__Work instructions__
Everything in the entries is to be written out exactly, except for the pictures.
========
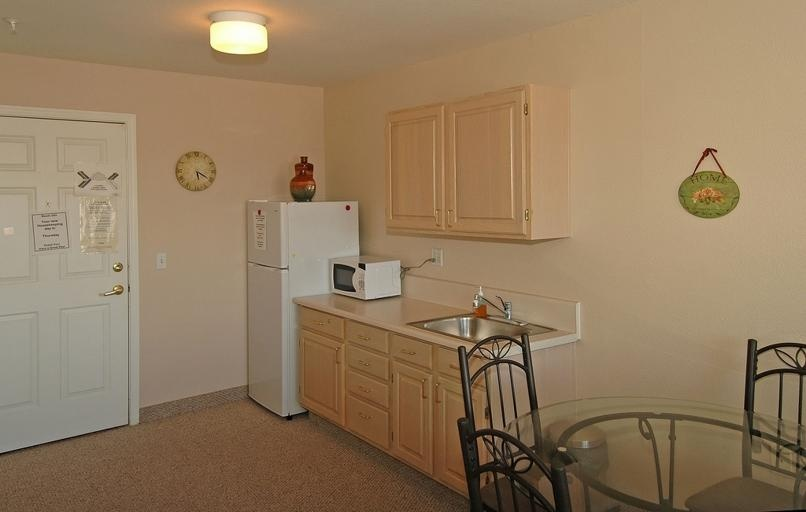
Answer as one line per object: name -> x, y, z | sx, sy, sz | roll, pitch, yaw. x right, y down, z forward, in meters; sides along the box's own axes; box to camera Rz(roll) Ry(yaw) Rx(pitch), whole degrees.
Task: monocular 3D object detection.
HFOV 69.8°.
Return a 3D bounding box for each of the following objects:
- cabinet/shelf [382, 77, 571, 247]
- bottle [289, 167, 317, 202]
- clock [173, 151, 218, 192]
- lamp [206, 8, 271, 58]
cabinet/shelf -> 0.515, -0.655, 4.455 | 0.511, 1.037, 1.531 | -7, 8, -40
bottle -> -0.901, -0.660, 5.291 | 0.295, 0.345, 0.292 | -3, 8, -31
clock -> -1.883, -0.780, 5.244 | 0.349, 0.332, 0.342 | -12, 32, -39
lamp -> -1.145, -1.530, 4.016 | 0.381, 0.221, 0.371 | -2, 10, -6
========
__The answer__
Answer as one line per object: name -> x, y, z | sx, sy, sz | roll, pitch, yaw. x right, y down, z forward, in meters; sides along the box's own axes; box to camera Rz(roll) Ry(yaw) Rx(pitch), whole degrees.
Task: monocular 3D object detection.
HFOV 69.8°.
Return a 3D bounding box for each of the following objects:
- cabinet/shelf [382, 77, 571, 247]
- bottle [289, 167, 317, 202]
- clock [173, 151, 218, 192]
- lamp [206, 8, 271, 58]
cabinet/shelf -> 0.515, -0.655, 4.455 | 0.511, 1.037, 1.531 | -7, 8, -40
bottle -> -0.901, -0.660, 5.291 | 0.295, 0.345, 0.292 | -3, 8, -31
clock -> -1.883, -0.780, 5.244 | 0.349, 0.332, 0.342 | -12, 32, -39
lamp -> -1.145, -1.530, 4.016 | 0.381, 0.221, 0.371 | -2, 10, -6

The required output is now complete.